The input —
****************************************
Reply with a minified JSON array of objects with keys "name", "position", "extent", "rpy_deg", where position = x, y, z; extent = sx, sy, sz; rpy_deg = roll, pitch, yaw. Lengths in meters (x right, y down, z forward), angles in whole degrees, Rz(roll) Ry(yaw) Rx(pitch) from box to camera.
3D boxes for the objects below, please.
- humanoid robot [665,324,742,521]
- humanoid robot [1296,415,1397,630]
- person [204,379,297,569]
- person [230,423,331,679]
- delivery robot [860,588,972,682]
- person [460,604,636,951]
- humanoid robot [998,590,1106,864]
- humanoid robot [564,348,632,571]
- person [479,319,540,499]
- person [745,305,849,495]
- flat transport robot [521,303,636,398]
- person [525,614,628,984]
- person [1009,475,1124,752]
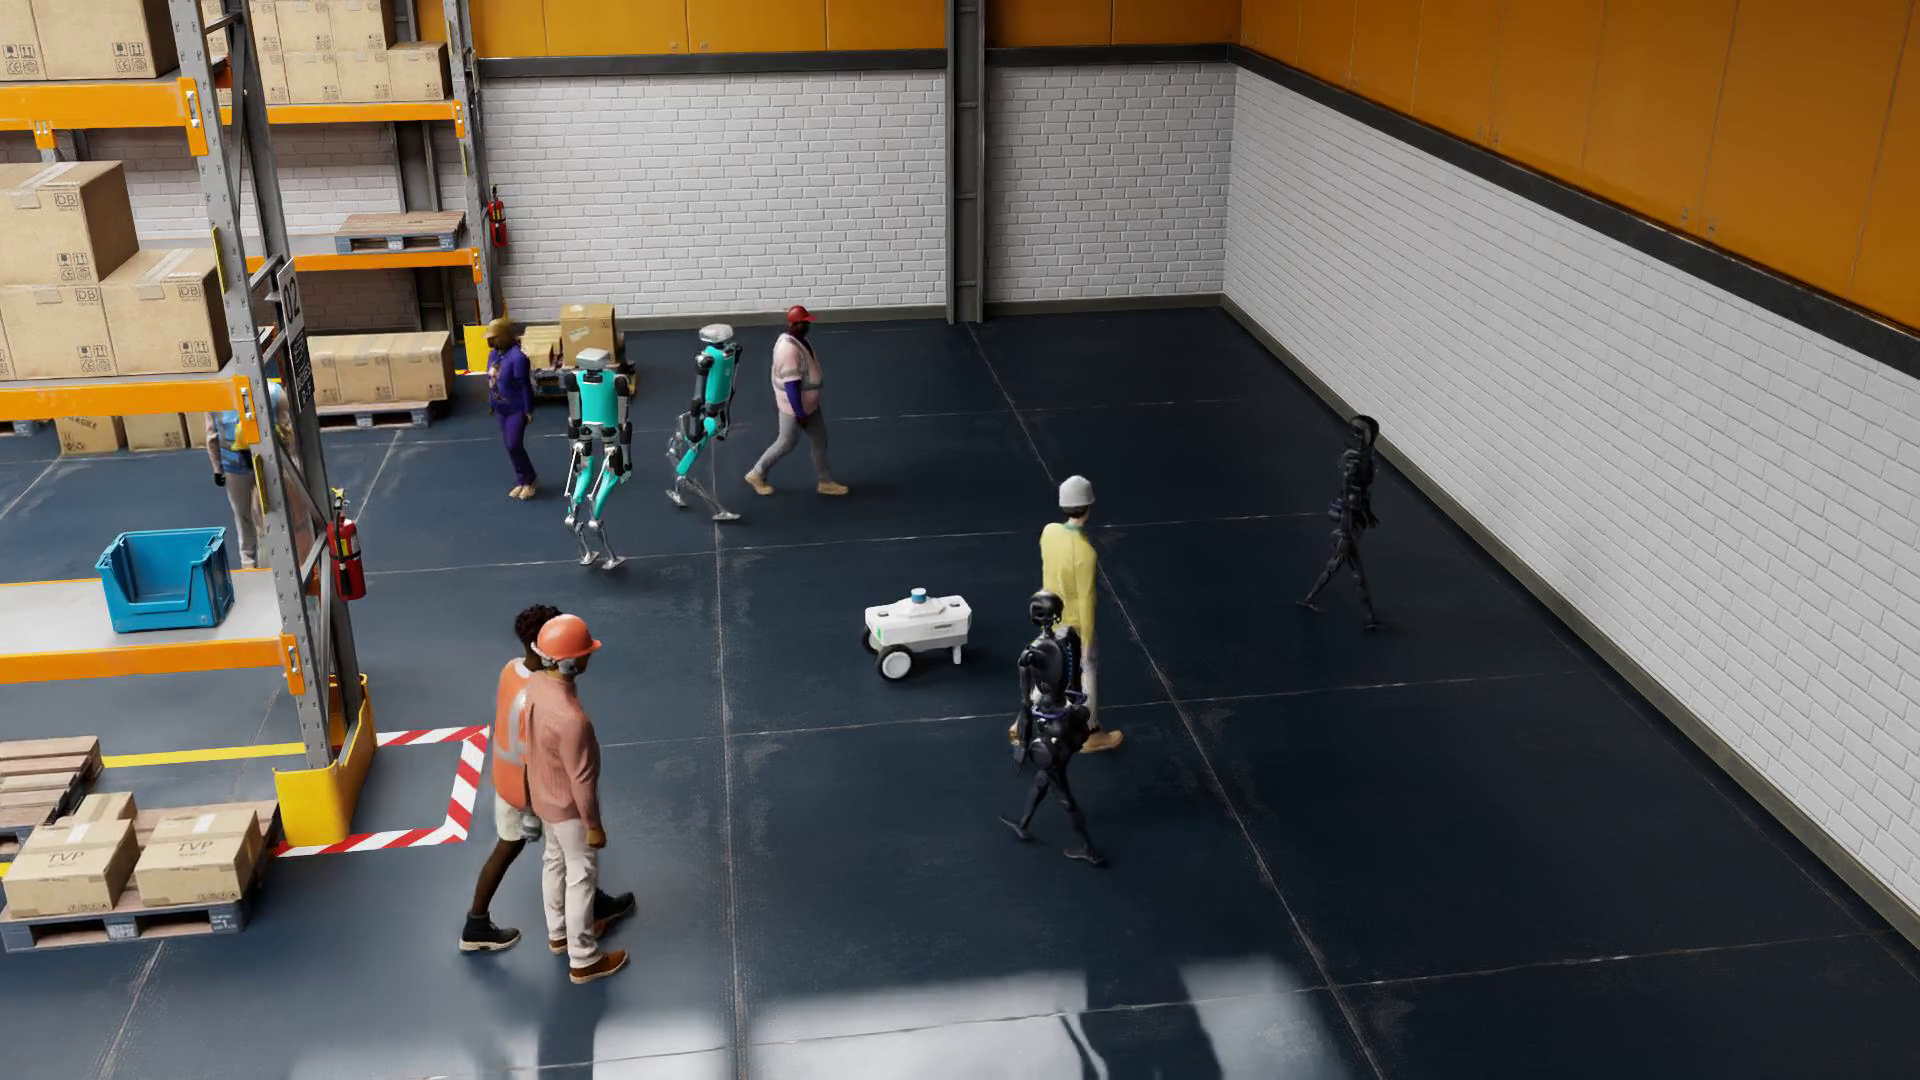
****************************************
Exercise details —
Write the opening line of the data above and every line after it, exactly, stopping once you have written the line with "- humanoid robot [564,348,632,571]".

Problem solution —
Reply with a minified JSON array of objects with keys "name", "position", "extent", "rpy_deg", where position = x, y, z; extent = sx, sy, sz; rpy_deg = roll, pitch, yaw. Lengths in meters (x right, y down, z forward), angles in whole degrees, Rz(roll) Ry(yaw) Rx(pitch) from box to camera.
3D boxes for the objects below, please.
- humanoid robot [665,324,742,521]
- humanoid robot [1296,415,1397,630]
- person [204,379,297,569]
- person [230,423,331,679]
- delivery robot [860,588,972,682]
- person [460,604,636,951]
- humanoid robot [998,590,1106,864]
- humanoid robot [564,348,632,571]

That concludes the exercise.